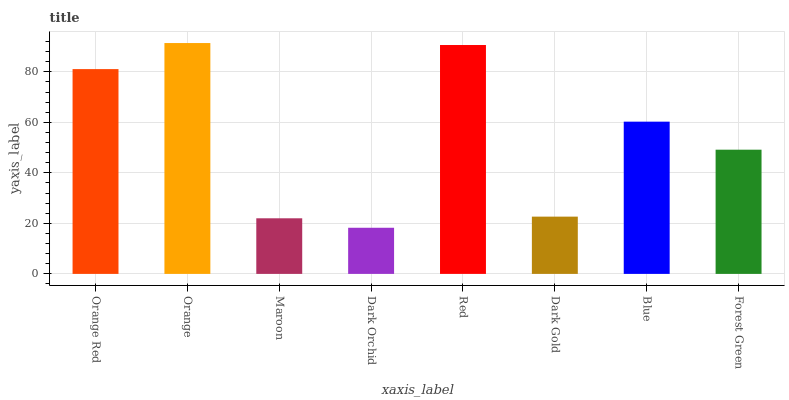Is Dark Orchid the minimum?
Answer yes or no. Yes. Is Orange the maximum?
Answer yes or no. Yes. Is Maroon the minimum?
Answer yes or no. No. Is Maroon the maximum?
Answer yes or no. No. Is Orange greater than Maroon?
Answer yes or no. Yes. Is Maroon less than Orange?
Answer yes or no. Yes. Is Maroon greater than Orange?
Answer yes or no. No. Is Orange less than Maroon?
Answer yes or no. No. Is Blue the high median?
Answer yes or no. Yes. Is Forest Green the low median?
Answer yes or no. Yes. Is Forest Green the high median?
Answer yes or no. No. Is Maroon the low median?
Answer yes or no. No.
:::
WORK ORDER:
Once you find the line containing "Answer yes or no. No. Is Orange less", copy it and every line after it through the end of the records, exactly as they stand.

COMPLETED TASK:
Answer yes or no. No. Is Orange less than Maroon?
Answer yes or no. No. Is Blue the high median?
Answer yes or no. Yes. Is Forest Green the low median?
Answer yes or no. Yes. Is Forest Green the high median?
Answer yes or no. No. Is Maroon the low median?
Answer yes or no. No.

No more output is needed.